Assigned task:
The records below hold a stretch from the line with "Document page, 1241x1754 pixels." through the line with "list Pelaksanaan kerjasama"; return exactly those lines, ends included, and nothing more.

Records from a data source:
**********

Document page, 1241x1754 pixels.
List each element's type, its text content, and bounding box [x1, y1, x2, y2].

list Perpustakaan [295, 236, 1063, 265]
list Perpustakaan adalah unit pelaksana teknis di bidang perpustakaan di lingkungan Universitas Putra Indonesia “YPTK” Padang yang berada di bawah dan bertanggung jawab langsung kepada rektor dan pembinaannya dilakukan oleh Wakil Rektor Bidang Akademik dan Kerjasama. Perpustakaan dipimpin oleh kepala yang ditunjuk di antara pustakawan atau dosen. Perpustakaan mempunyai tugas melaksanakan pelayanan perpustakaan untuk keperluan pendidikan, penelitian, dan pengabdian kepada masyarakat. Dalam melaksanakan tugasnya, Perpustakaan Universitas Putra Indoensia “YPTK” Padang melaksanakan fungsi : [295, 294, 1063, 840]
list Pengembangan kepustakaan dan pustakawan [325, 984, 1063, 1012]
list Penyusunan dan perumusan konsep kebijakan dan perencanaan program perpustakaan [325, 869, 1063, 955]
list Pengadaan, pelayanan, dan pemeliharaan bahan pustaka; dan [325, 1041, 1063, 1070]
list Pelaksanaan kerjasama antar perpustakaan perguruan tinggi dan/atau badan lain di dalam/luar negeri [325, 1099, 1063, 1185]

**********

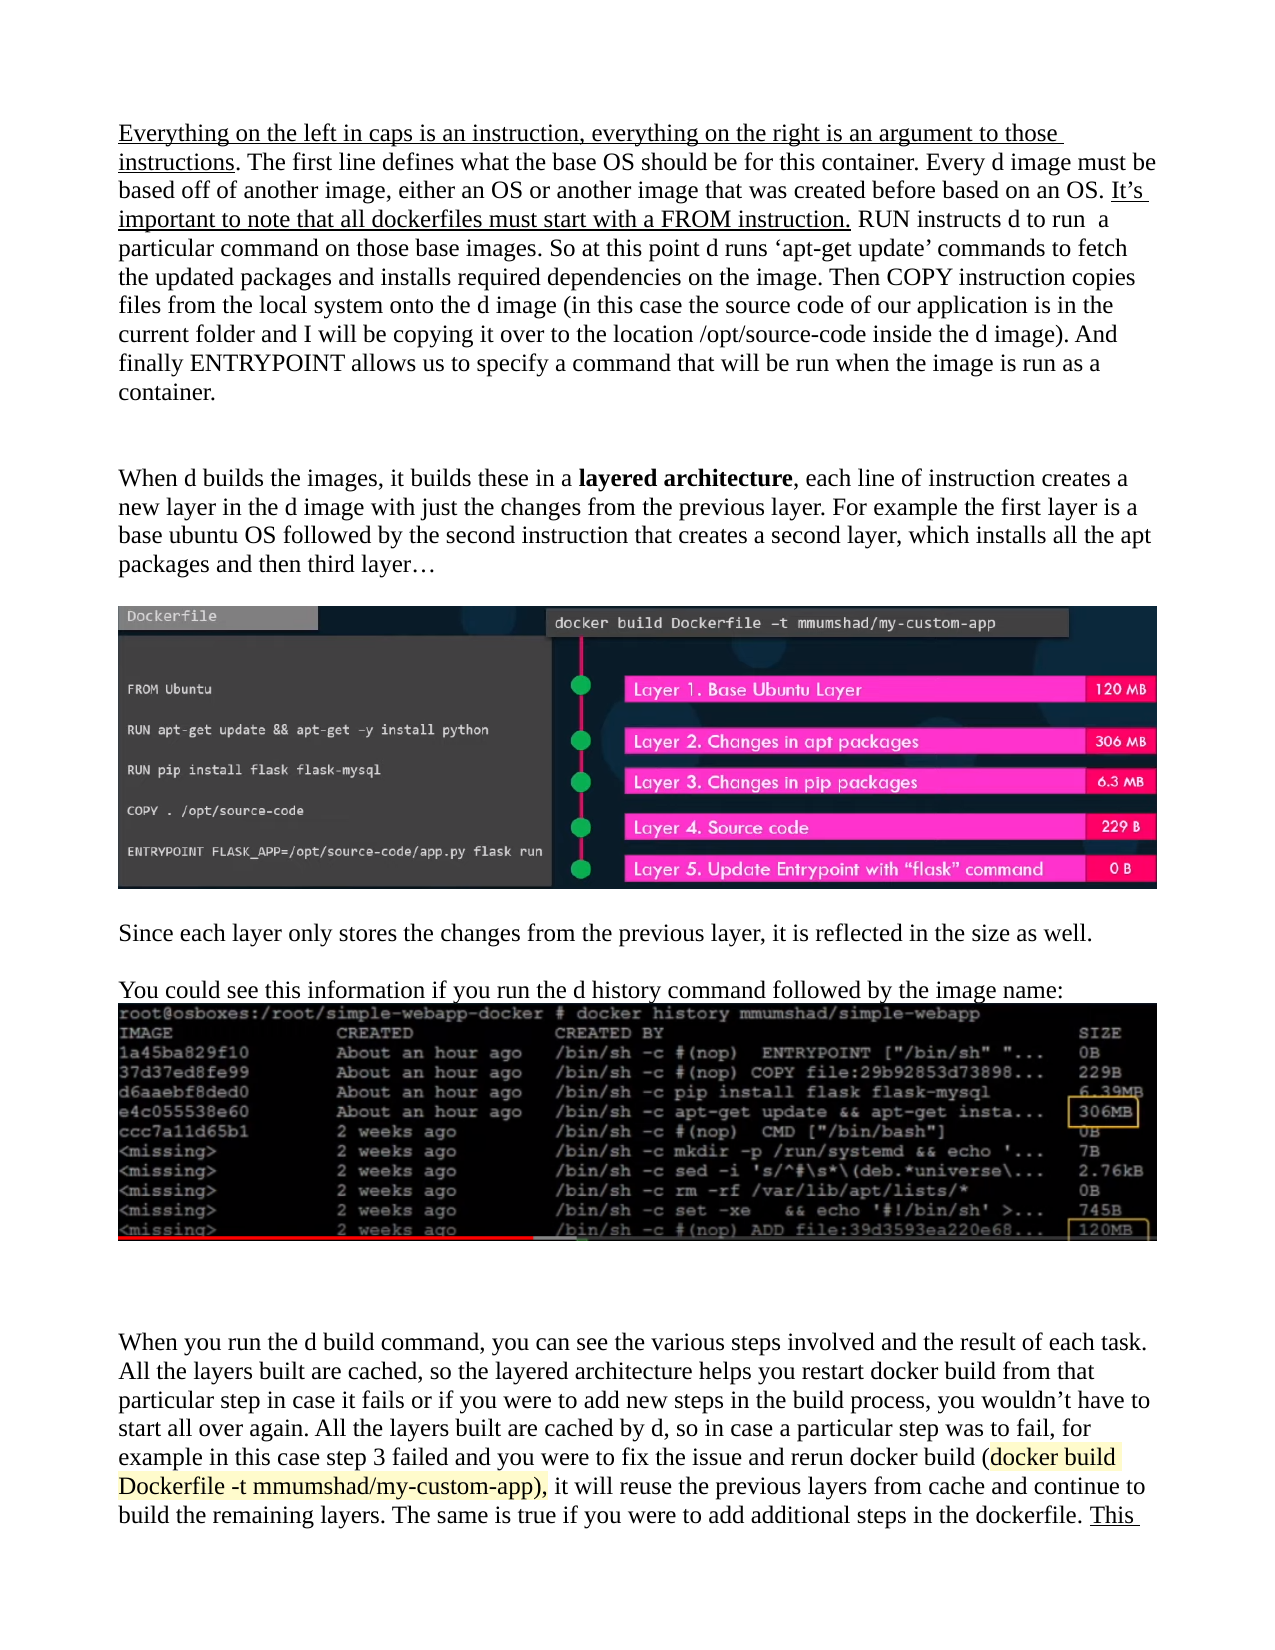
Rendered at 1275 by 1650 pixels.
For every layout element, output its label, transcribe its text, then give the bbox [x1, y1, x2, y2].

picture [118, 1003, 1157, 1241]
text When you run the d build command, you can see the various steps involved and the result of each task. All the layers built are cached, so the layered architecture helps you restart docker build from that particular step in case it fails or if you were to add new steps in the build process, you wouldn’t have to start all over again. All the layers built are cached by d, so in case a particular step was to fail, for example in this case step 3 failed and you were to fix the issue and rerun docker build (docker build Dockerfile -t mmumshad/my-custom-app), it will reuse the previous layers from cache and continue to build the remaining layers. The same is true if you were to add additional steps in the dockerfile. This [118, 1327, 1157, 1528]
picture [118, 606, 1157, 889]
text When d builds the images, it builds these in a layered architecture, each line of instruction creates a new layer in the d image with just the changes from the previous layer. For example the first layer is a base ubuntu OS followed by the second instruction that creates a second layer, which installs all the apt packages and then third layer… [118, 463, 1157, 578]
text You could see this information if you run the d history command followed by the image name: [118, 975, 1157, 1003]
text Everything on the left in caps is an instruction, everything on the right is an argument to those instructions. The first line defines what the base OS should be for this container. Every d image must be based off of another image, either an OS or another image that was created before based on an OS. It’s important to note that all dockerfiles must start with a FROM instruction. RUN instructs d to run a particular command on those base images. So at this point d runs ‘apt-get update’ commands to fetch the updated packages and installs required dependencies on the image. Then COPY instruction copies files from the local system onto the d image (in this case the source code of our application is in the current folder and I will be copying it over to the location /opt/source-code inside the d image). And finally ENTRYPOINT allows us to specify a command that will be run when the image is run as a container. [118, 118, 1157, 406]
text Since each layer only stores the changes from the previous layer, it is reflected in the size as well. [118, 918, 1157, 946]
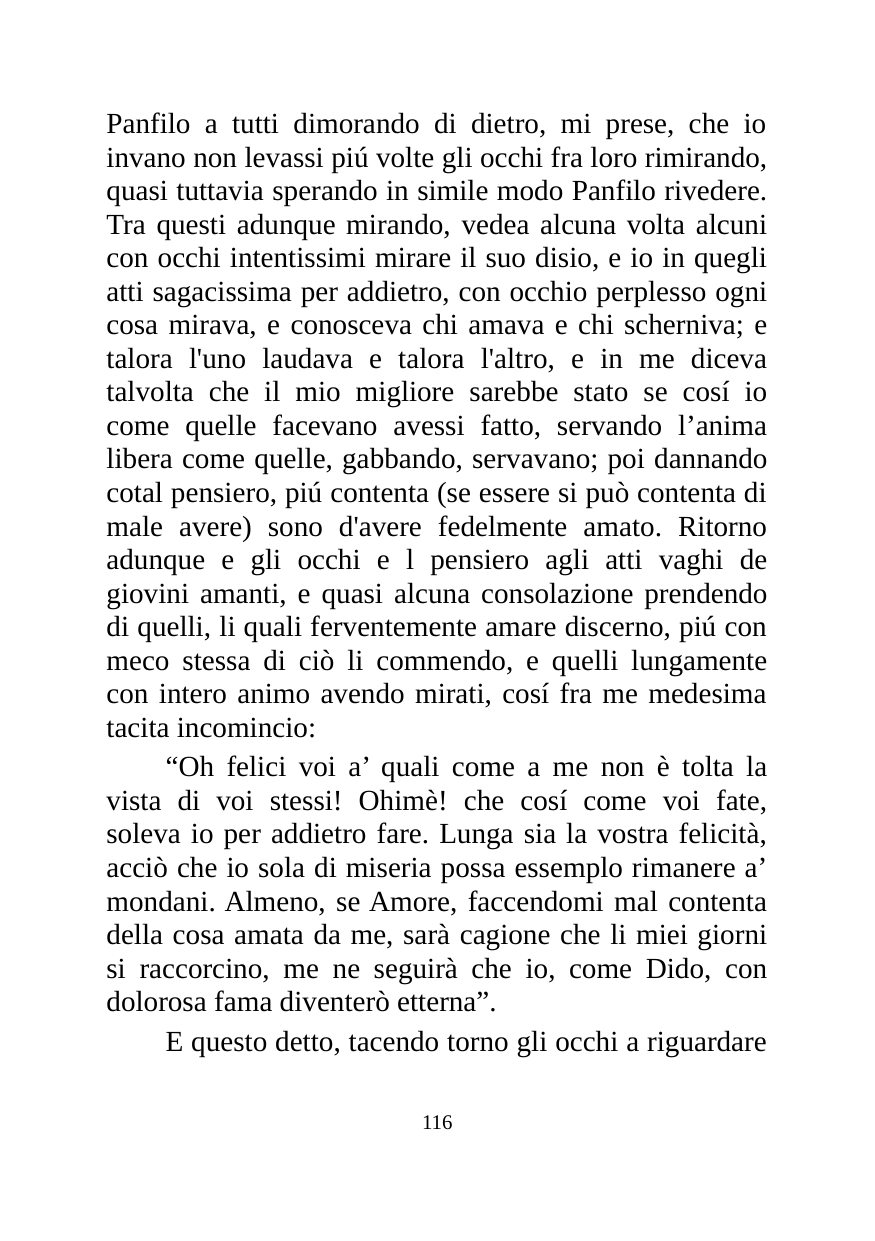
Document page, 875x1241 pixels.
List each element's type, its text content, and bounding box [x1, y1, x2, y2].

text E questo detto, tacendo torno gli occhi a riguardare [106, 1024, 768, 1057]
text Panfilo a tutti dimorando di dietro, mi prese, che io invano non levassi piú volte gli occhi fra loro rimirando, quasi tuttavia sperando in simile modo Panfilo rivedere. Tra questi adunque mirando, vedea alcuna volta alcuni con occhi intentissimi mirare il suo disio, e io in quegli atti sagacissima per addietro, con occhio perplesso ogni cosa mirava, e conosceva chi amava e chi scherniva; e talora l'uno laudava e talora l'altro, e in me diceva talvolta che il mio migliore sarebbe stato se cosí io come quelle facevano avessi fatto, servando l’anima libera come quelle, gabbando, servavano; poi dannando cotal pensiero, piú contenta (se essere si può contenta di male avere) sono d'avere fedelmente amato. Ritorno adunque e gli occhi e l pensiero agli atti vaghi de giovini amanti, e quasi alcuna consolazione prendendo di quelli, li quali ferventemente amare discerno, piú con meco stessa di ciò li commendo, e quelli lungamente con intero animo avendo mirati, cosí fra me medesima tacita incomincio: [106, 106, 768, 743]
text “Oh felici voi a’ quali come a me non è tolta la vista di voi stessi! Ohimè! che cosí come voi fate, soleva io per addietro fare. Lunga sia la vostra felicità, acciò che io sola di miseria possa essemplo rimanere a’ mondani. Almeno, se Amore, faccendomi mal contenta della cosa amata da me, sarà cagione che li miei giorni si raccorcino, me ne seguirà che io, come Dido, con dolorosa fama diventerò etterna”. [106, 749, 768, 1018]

**********

Answer for the task:
Document page, 1241x1754 pixels.
List each element's type, its text content, and bounding box [x1, y1, x2, y2].

list Perpustakaan [295, 236, 1063, 265]
list Perpustakaan adalah unit pelaksana teknis di bidang perpustakaan di lingkungan Universitas Putra Indonesia “YPTK” Padang yang berada di bawah dan bertanggung jawab langsung kepada rektor dan pembinaannya dilakukan oleh Wakil Rektor Bidang Akademik dan Kerjasama. Perpustakaan dipimpin oleh kepala yang ditunjuk di antara pustakawan atau dosen. Perpustakaan mempunyai tugas melaksanakan pelayanan perpustakaan untuk keperluan pendidikan, penelitian, dan pengabdian kepada masyarakat. Dalam melaksanakan tugasnya, Perpustakaan Universitas Putra Indoensia “YPTK” Padang melaksanakan fungsi : [295, 294, 1063, 840]
list Pengembangan kepustakaan dan pustakawan [325, 984, 1063, 1012]
list Penyusunan dan perumusan konsep kebijakan dan perencanaan program perpustakaan [325, 869, 1063, 955]
list Pengadaan, pelayanan, dan pemeliharaan bahan pustaka; dan [325, 1041, 1063, 1070]
list Pelaksanaan kerjasama antar perpustakaan perguruan tinggi dan/atau badan lain di dalam/luar negeri [325, 1099, 1063, 1185]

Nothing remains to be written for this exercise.